Is it somehow freeing not to have a song as big as “Take Me To Church” hanging over the album?

I don’t think about it all that much to be honest. You write the songs as you feel you need to write them and how they’re received or the attention that each one gets, if one gets more attention than the other, that’s something you have no control over. So, it’s something I try not to allow to affect me or to influence my thinking. It just is what it is. “Take Me To Church” being the hit that it became was just really unexpected to me. It was a bit of an outlier. It didn’t sound like a Top 10 hit when we finished it, I don’t think it sounds like a Top 10 hit now. Do you know what I’m saying?

Yeah, it stuck out like a sore thumb. I think the breakout song from this album might be “Almost (Sweet Music).” Is that going to get a video?

I think that there is talk of it being pushed as a single, so I think there’s probably a video on the way for that song. It’s a fun tune. It was a nice little lyrical exercise for writing that one as well. I’m pretty sure that’s the next single.

While we’re on the topic of videos, I’m obsessed with the one for “Dinner and Diatribes.” It has a witchy element, which is interesting because I hear your music in every crystal store in LA. Are you aware of your popularity in the metaphysical community?

[Laughs]. No, I didn’t know that. Happy days! That’s cool. I don’t know how to respond to that. That’s so cool. I definitely have an appreciation for mysticism, I have to say. Some of that just comes from old-school, Western Ireland-type mysticism. Happy days!

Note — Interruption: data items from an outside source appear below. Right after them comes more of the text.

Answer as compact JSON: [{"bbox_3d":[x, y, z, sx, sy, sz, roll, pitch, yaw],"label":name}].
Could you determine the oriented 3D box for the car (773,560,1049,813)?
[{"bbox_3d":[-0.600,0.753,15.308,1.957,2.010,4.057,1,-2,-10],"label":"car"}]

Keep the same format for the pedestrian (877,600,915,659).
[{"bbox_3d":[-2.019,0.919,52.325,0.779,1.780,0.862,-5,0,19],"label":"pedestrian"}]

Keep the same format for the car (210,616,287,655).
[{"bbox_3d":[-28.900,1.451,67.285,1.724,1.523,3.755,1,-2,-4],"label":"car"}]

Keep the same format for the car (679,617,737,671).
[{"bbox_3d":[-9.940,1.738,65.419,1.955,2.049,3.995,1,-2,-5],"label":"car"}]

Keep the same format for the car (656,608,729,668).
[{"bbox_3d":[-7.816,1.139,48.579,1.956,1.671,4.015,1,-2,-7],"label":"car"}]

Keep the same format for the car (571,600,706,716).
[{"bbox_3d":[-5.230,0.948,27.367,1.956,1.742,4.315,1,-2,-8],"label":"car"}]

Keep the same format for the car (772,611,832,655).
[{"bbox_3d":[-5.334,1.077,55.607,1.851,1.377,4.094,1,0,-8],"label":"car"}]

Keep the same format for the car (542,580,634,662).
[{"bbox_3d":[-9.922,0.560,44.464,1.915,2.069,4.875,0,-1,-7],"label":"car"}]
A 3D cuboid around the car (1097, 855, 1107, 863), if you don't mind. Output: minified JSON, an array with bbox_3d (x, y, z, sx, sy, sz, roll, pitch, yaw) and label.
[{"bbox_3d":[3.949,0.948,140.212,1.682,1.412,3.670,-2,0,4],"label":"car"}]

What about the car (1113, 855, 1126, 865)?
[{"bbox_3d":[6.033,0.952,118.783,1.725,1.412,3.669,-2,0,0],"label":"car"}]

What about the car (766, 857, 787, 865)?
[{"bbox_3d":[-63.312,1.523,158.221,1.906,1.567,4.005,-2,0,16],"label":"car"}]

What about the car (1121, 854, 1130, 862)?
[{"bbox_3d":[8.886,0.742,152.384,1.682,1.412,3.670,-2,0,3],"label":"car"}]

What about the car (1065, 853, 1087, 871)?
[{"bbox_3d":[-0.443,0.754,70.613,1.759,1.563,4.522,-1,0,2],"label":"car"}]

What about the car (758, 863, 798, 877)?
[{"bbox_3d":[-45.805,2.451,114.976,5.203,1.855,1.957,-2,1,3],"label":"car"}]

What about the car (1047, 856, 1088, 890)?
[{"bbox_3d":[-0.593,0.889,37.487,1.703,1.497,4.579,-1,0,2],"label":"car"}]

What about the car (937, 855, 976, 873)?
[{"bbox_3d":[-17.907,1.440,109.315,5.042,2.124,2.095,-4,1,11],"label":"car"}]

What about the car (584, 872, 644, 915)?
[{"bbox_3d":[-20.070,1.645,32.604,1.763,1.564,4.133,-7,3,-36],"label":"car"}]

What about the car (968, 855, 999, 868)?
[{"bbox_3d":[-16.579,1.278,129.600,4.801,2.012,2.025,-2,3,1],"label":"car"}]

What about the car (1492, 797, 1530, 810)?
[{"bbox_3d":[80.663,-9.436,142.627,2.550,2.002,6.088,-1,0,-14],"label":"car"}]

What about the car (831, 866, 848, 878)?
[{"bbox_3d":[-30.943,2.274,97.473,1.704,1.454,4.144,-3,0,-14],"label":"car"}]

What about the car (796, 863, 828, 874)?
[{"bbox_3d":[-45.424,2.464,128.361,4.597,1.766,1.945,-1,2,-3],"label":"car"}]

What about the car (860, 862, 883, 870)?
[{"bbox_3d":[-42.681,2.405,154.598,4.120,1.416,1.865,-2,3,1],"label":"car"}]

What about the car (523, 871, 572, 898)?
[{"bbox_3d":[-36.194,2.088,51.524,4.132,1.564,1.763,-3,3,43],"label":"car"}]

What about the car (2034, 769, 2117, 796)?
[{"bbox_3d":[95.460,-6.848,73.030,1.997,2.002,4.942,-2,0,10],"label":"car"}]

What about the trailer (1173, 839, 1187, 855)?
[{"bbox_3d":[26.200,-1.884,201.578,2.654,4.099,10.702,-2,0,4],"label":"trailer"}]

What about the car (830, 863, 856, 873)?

You might see some of that contingent at Hollywood Forever Cemetery. Are you excited about that show?

I am actually, yeah. I’m looking forward to that, I have to say. It’ll be lovely. It was one we were kinda looking at for a while, like, “That’ll be a cool place to do a show.” I can’t wait, and also, I just love being in LA and playing shows. Can’t wait.

What prompted your Destiny’s Child cover? It seemed a bit left-field.

It was a bit left-field, yeah. I think sometimes when you’re on the road, inevitably somebody asks you to throw a cover out. That was one that we had been jamming in rehearsals, when we were kind of taking a break. We just had fallen into singing a slow-jam version of that. And Alex, my bass player, just threw a bass line in. And so we kind of had the shape of something that was fun and kind of old-school, sort of southern soul and it just made sense. Destiny’s Child would get played quite a bit on the bus, we play a lot of R&B from the ’00s and ’90s.

One last question. Did your mother draw the artwork for Wasteland, Baby!?

Yeah, she painted the cover. She also painted the cover for the first album. I suppose that was the start of our working relationship. When I was releasing singles, printing off CDs, the first few things I ever released and recorded, I used to borrow her artwork and borrow pictures of her paintings. We did a few shoots to get some source material for Wasteland, Baby! and then she painted that image.

I honestly thought it was a photo.

It’s actually a painting of, well it’s a composite of, a few photographs. So we actually did an underwater shoot. We set up a room underwater and there are photographs of me underwater with flowers and books.

Talent obviously runs in the family, it’s incredible.

We’re all artists, incredibly unemployable. [Laughs]

Well, it all worked out in the end. Nice to talk to you again!

Thank you very much, it was good to chat again.